Patient No.4 (Figure 2C) was initiated with intravenous vancomycin at 500mg Q8h to treat Enterococcus faecium pneumonia. On day 4 and 5, Ctrough was 26.6 mg/L and 25.5 mg/L, respectively. After that, vancomycin administration was paused till day 10, when the patient was given intravenous vancomycin at 500mg Q8h and nasal vancomycin at 250mg Q6h. On day 12, Ctrough and Cpeak were 19.5 mg/L and 41.7 mg/L, respectively. Intravenous vancomycin was stopped on day 13, after the blood culture results were negative.

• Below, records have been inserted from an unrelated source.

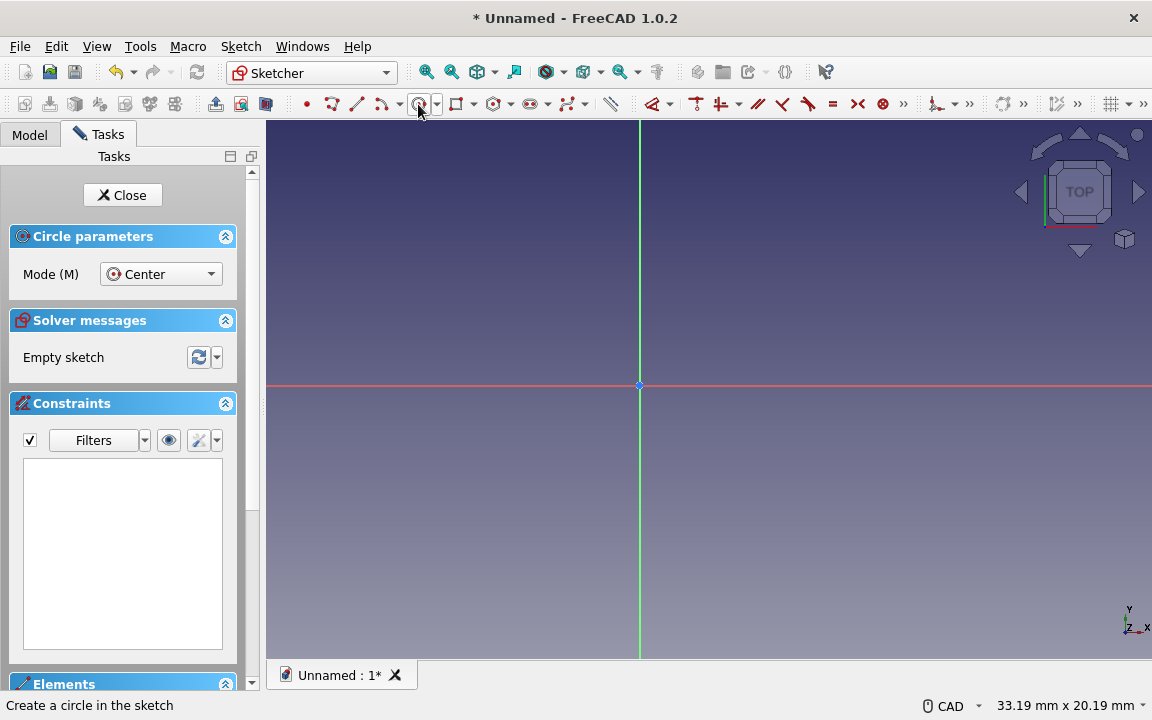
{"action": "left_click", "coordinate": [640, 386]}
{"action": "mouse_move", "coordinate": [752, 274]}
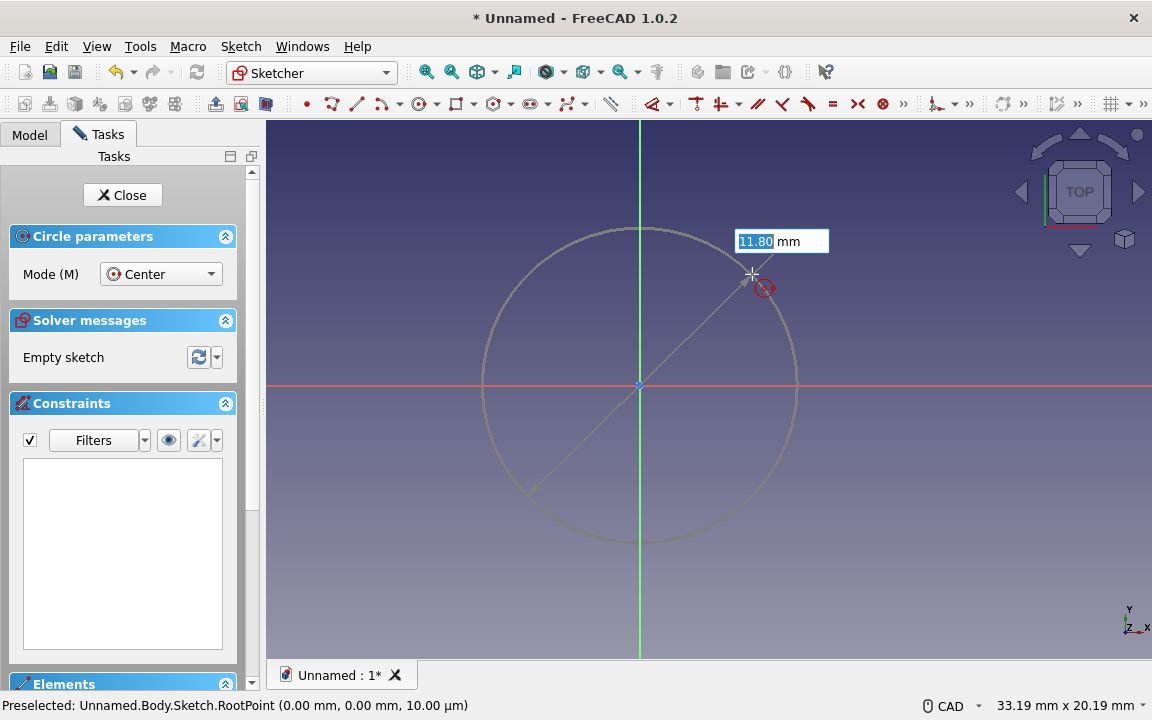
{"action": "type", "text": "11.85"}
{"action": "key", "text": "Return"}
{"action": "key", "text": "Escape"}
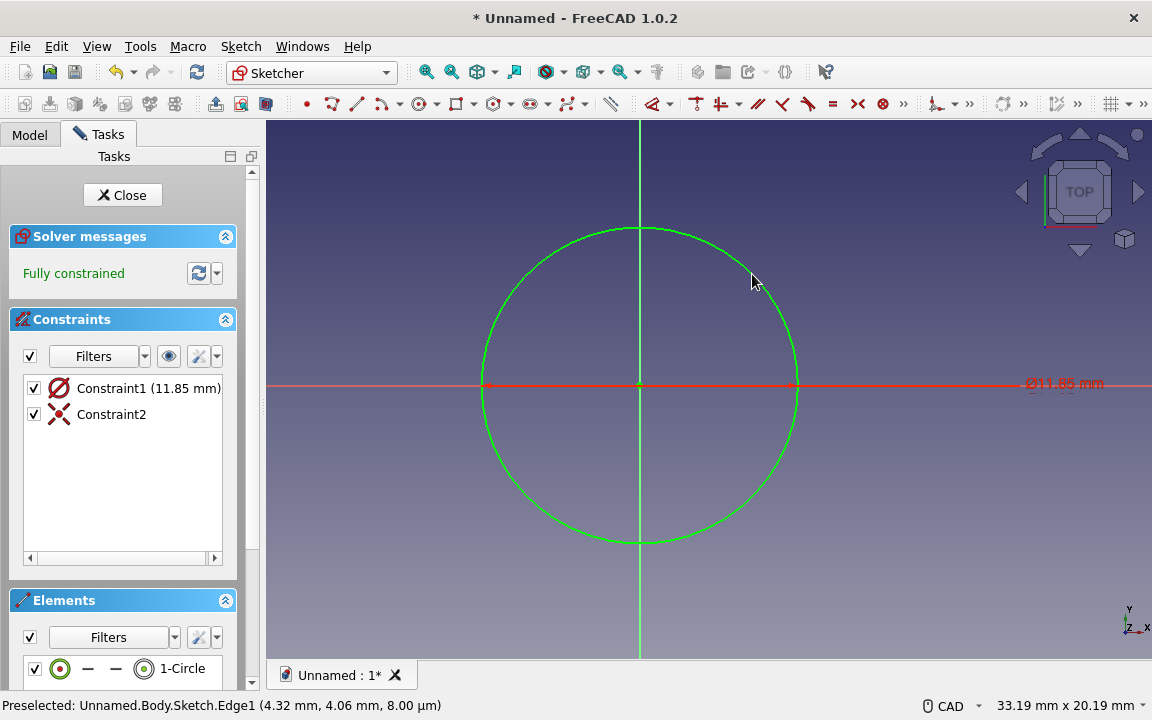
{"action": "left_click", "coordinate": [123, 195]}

Population PK and pharmacokinetic / pharmacodynamic (PK/PD) analysis
The PK parameters of vancomycin were shown in Table 2. CL and Q were 4.3 L/h and 4.1 L/h, and V1 and V2 were 2.0 L and 56.7 L respectively. Half-life for distribution phase and elimination phase was 10 min and 19 h, respectively. Hemodialysis and serum creatinine level were covariates on the CL. Both of them were consistent with the power model. The CL in patients with hemodialysis decreased by 58% compared to those in patient without hemodialysis. IIV of CL was removed because it was close to zero after adding hemodialysis and serum creatinine level as the covariates. ECMO did not have significant effect on vancomycin PK parameters. As shown in Figure 3A, individual predictions were close to observations. The correlation coefficient reached 0.81. Most of conditional weighted residuals distributed evenly across zero horizontal line (Figure 3B), indicating that the model estimates were reliable and stable.
The AUC0-24 of vancomycin was shown in Table 1. The mean ± SD were 622±218 h·mg/L, and coefficient of variation was 35%. If the vancomycin dose was higher, or the drug was given more frequent, the AUC0-24 would increase. For example, in patient No.1, AUC0-24 changed from 871 to 740 h·mg/L when the dosage changed from 1g Q8h IV+0.25g NS (day 5-7) to 1g Q12h IV+0.25g NS (day 8-11). The AUC0-24 changed from 596 to 945 h·mg/L when the dosage changed from 1g Q12h IV (day0-2) to 1g Q8h IV (day3) in patient No. 2.
AUC0-24/MIC of vancomycin was shown in Table 1. The mean±SD was 848±566 h·mg/L, and coefficiency of variation was 67%. The maximum and minimum of AUC0-24/MIC were 1738 and 244 h·mg/L, respectively. Although AUC0-24/MIC for 3 patients was less than 400, the microbiological effects were all successful. There was no correlation between AUC0-24/MIC and microbiological effect (R2 = 0.01). AUC0-24 had a positive correlation with the grade of AKI. AUC0-24 = 675 h·mg/L was the best critical value for differentiating AKI occurrence. When AUC0-24 ≥ 675 h·mg/L, 2 of 3 patients (67%) had AKI. Meanwhile, When AUC0-24 < 675 h·mg/L, only 1 of 5 patients (20%) had AKI (p=0.19).